Implementing Event Loops in Clojure: Mastering Asynchronous Programming

Event loop: A long-running process that waits for incoming events, dispatches each one to the right handler, and stays responsive by keeping slow work out of the loop itself.

An event loop is mainly about ownership. One process owns the incoming stream, chooses how each event is classified, and hands work to the correct next stage. That makes the system easier to reason about because there is one visible place where work enters and gets routed.

Core Shape

In Clojure, an event loop often starts as a channel plus a dispatch map:

1(require '[clojure.core.async :as async])
2
3(defn start-loop [in handlers]
4  (async/go-loop []
5    (when-some [event (async/<! in)]
6      (when-let [handle! (get handlers (:type event))]
7        (handle! event))
8      (recur))))

This is deliberately small. The value is not sophistication. The value is that routing is explicit.

Keep the Loop Narrow

The event loop should:

• accept input
• decode or classify it
• dispatch quickly

It should not:

• perform long blocking I/O
• run expensive CPU work inline
• accumulate unrelated business logic

Once the loop becomes the place where everything happens, it stops being a clean event loop and turns into a bottleneck.

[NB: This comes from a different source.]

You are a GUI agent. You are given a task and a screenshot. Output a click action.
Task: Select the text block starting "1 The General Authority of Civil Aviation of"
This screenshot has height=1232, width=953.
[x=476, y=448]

Dispatch Maps Beat Long Conditionals

Most event loops improve when event type to handler mapping is data-driven:

1(def handlers
2  {:connected handle-connected
3   :message   handle-message
4   :timeout   handle-timeout})

That keeps the loop focused on routing rather than branching noise. It also makes ownership clearer when handlers evolve independently.

Handling Blocking Work

If a handler needs blocking I/O, hand it off:

• to thread
• to a worker pool
• to pipeline-blocking
• to a separate stage

This is one of the most important Clojure async rules. A go-loop is for parking channel operations, not for arbitrary blocking tasks.

Lifecycle Matters

Event loops also need a shutdown story:

• who closes the input channel
• whether in-flight events are drained or dropped
• how downstream workers are told to stop

Without that lifecycle design, event loops are easy to start and awkward to stop, which shows up quickly in tests, REPL-driven development, and graceful service shutdown.

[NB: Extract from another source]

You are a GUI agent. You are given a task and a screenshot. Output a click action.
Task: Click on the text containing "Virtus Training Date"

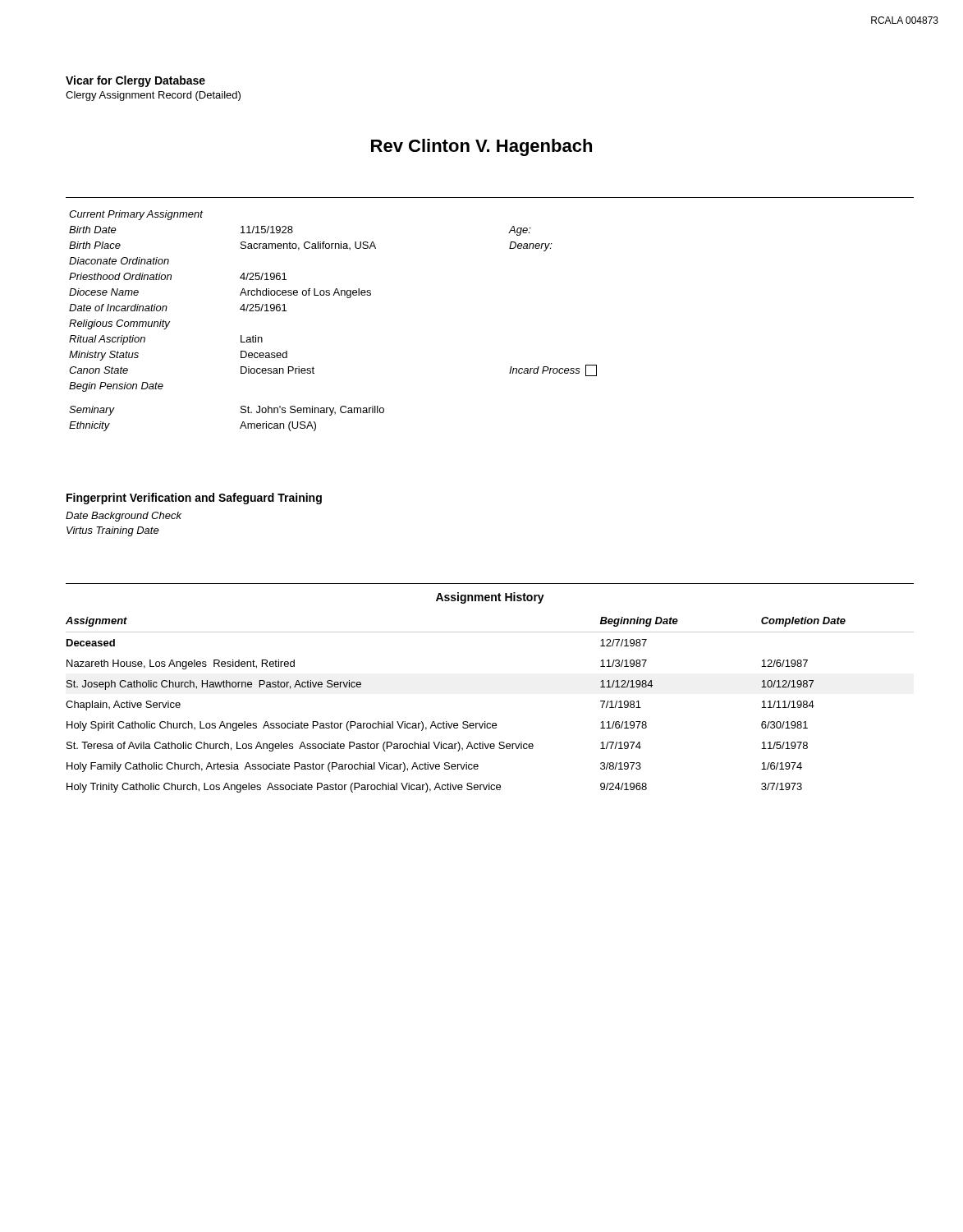(x=112, y=530)

One Ingress Point Helps Debugging

An event loop becomes easier to operate when there is one obvious ingress channel or one clearly documented set of ingress channels. That makes it possible to answer basic runtime questions quickly:

• where did this event enter?
• which code is allowed to enqueue it?
• how can it be sampled or traced?
• what path should be paused during incident response

When events can appear from too many hidden entry points, the loop may still function, but diagnosing overload or misrouting becomes much harder.

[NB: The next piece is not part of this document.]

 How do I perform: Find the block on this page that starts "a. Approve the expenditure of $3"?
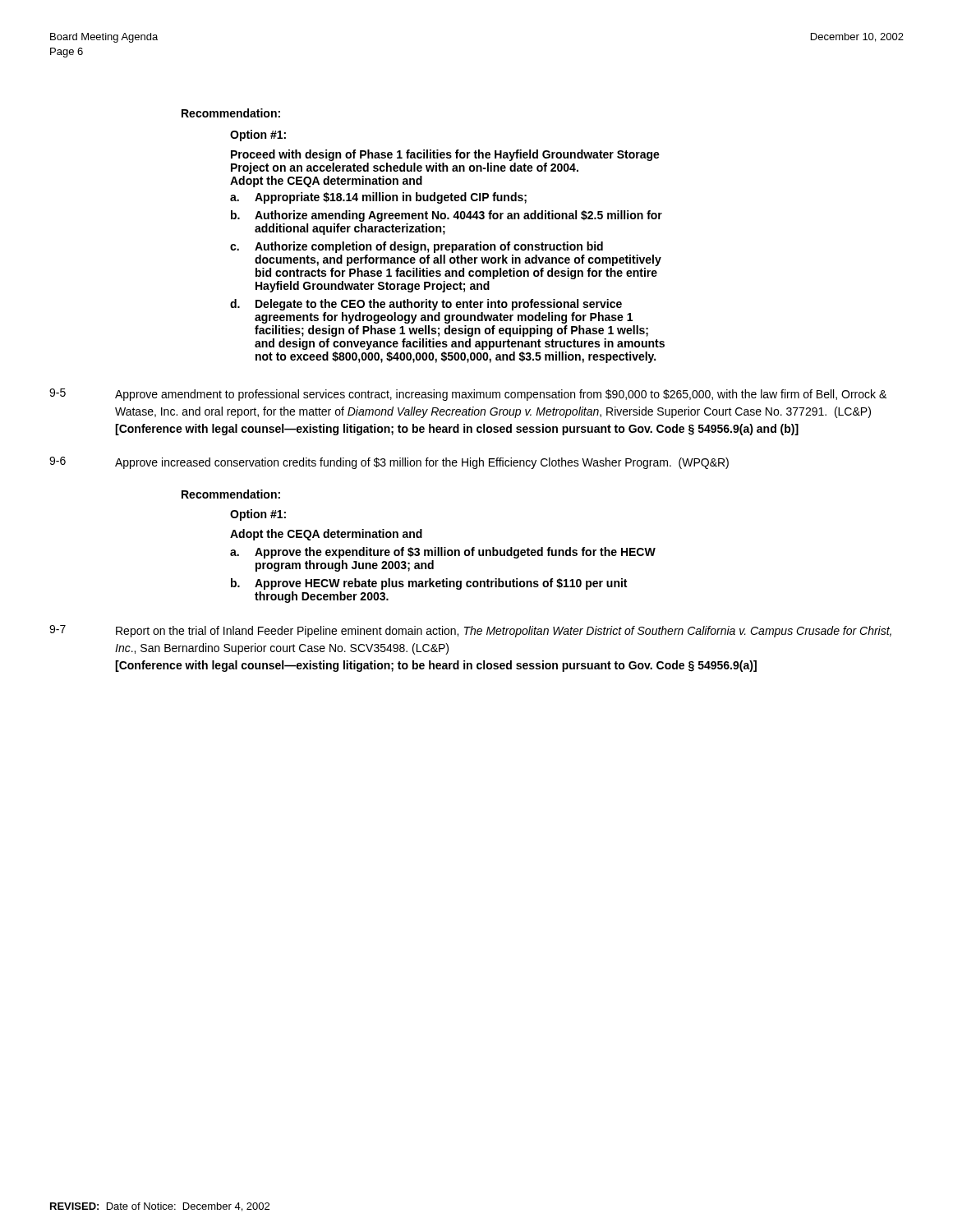[x=443, y=559]

Overload Policy Belongs Here Too

Every event loop needs an answer to overload:

• bounded buffer and backpressure
• dropping low-value events
• load shedding
• rerouting to a retry path

If you do not choose the policy explicitly, the policy is usually “degrade unpredictably.”

Instrument the Loop

Useful event-loop metrics include:

• buffer pressure
• event rate by type
• dispatch latency
• dropped or retried event count

These metrics reveal whether the loop is still acting like a dispatcher or has started absorbing too much work itself.

Event Loop vs Reactor

These overlap but are not identical:

• an event loop is the control structure
• a reactor is a design centered on fast dispatch around event readiness

Many reactors contain an event loop, but not every event loop is best described as a reactor.

Practical Rule

Build event loops as small dispatch centers with explicit handoff boundaries. Their job is to keep the system moving, not to do all the work themselves.